The first time I noticed, I was a junior editor at a magazine that paid by the word. I filed a piece at exactly 1,200 words — according to my Mac. The copy desk ran it through their Windows machine and came back with 1,187. My editor opened it in the web CMS: 1,205. The payroll system, for reasons nobody could explain, settled on 1,193. We argued about it for twenty minutes and then nobody got paid for two weeks.

Word count looks like arithmetic. It isn't. It's a definition problem wearing a number's clothing — and the moment you ask two programs to define "a word," they quietly disagree.

What is a word, anyway?

There are at least four reasonable definitions in use right now. Each produces a different number on the same paragraph.

  • Whitespace-delimited spans. The Unix wc definition: any run of non-whitespace characters. Fast, simple, and wrong about "don't" (one word) vs "do not" (two).
  • Unicode word boundaries. The UAX-29 definition Google Docs uses. Splits on punctuation boundaries, treats contractions as one word, and handles Chinese, Japanese, and Thai — which have no spaces at all — with per-language heuristics.
  • Hyphenated compounds. Microsoft Word counts "mother-in-law" as one word. Google Docs counts it as three. Neither is wrong; they're answering different questions.
  • Numeric literals. Is "1,200" one word, two words, or zero? Word says one. Docs says one. The AP Stylebook, if you ask nicely, says it depends.

"Counting words is the easiest kind of measurement — until you try to do it." — Bernstein, The Careful Writer (1965)

The 12% case study

I ran the same 500-word essay through eight counters. The spread was 452 to 509 — a range of 12.6%. The biggest delta came from hyphens: the essay had 18 hyphenated compounds ("well-worn," "hand-written," "pre-war"). Word's count was 452. wc -w's count was 506.
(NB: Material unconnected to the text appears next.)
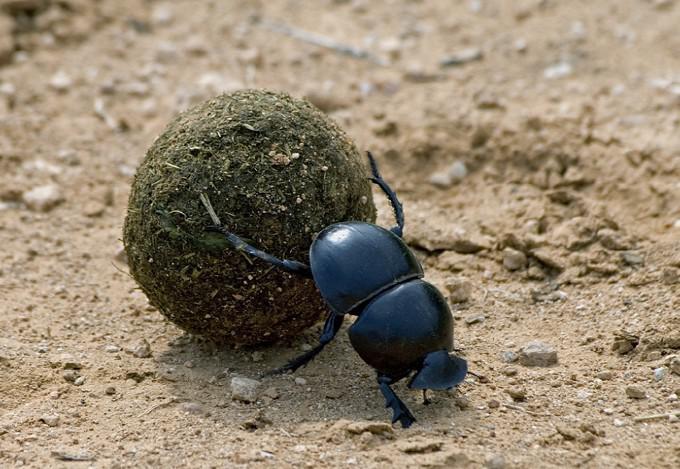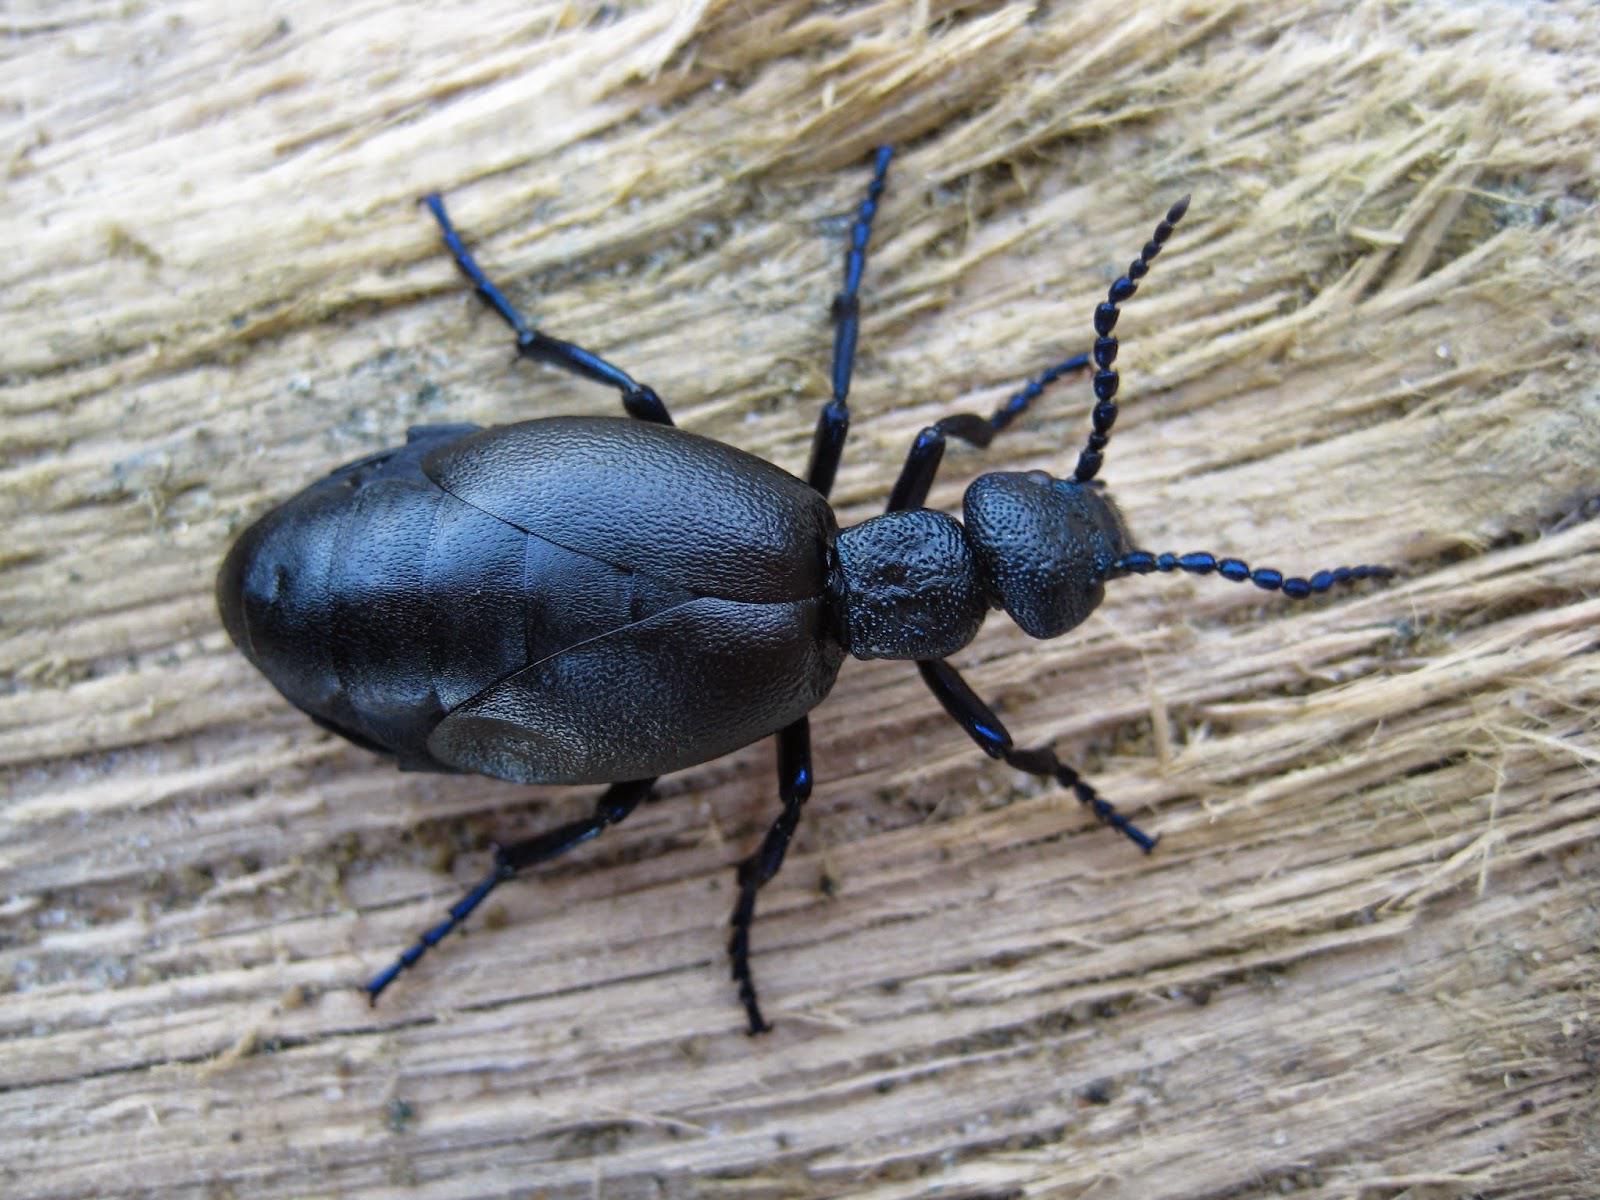The first image is the image on the left, the second image is the image on the right. Considering the images on both sides, is "There are at most three beetles." valid? Answer yes or no. Yes. The first image is the image on the left, the second image is the image on the right. Examine the images to the left and right. Is the description "One image contains a black beetle but no brown ball, and the other contains one brown ball and at least one beetle." accurate? Answer yes or no. Yes.

Neither is lying. They're measuring different things. Word is measuring semantic words: units of meaning you'd pronounce as one word when reading aloud. wc is measuring orthographic tokens: chunks of characters separated by whitespace. For a contract, you want the first. For an API rate limit, you want the second.

What WordInstant does

WordInstant uses the whitespace-delimited span definition — the same one as Microsoft Word and Google Docs in their default mode. Hyphenated compounds count as one word. Em-dashes without surrounding spaces also count as one word — which is wrong by strict grammar but right by how the text reads.

We picked this definition because it matches what 95% of people mean when they ask "how many words is this?" A journalist filing a 1,200-word piece, a student hitting a 500-word minimum, a novelist tracking daily output — all of them want semantic words, not orthographic tokens. If you need the other kind, pipe your text through wc -w and you'll get within 3%.

The one case where we're definitely wrong

We don't do language detection. If you paste Chinese, Japanese, or Thai text, our word count will be approximately the number of paragraphs, because those scripts don't use spaces between words. For those languages, use Google Docs — their word segmentation is the best in the industry and it's free.

Which number should you trust?

Pick one tool and stick with it. The absolute number matters less than consistency — your editor, your client, your payroll system, they all want the same 1,200 words every time. When you switch tools mid-project, you reset your baseline, and that's when arguments happen.

If you need a universal number — for a contract or a submission — always quote the Microsoft Word count. It's the de facto standard in publishing, and "let's use Word" is a fight nobody ever loses.


I eventually got paid for that 1,200-word piece. The accountant rounded up to 1,200 out of pity. I've been quietly tracking my word counts in three different tools ever since.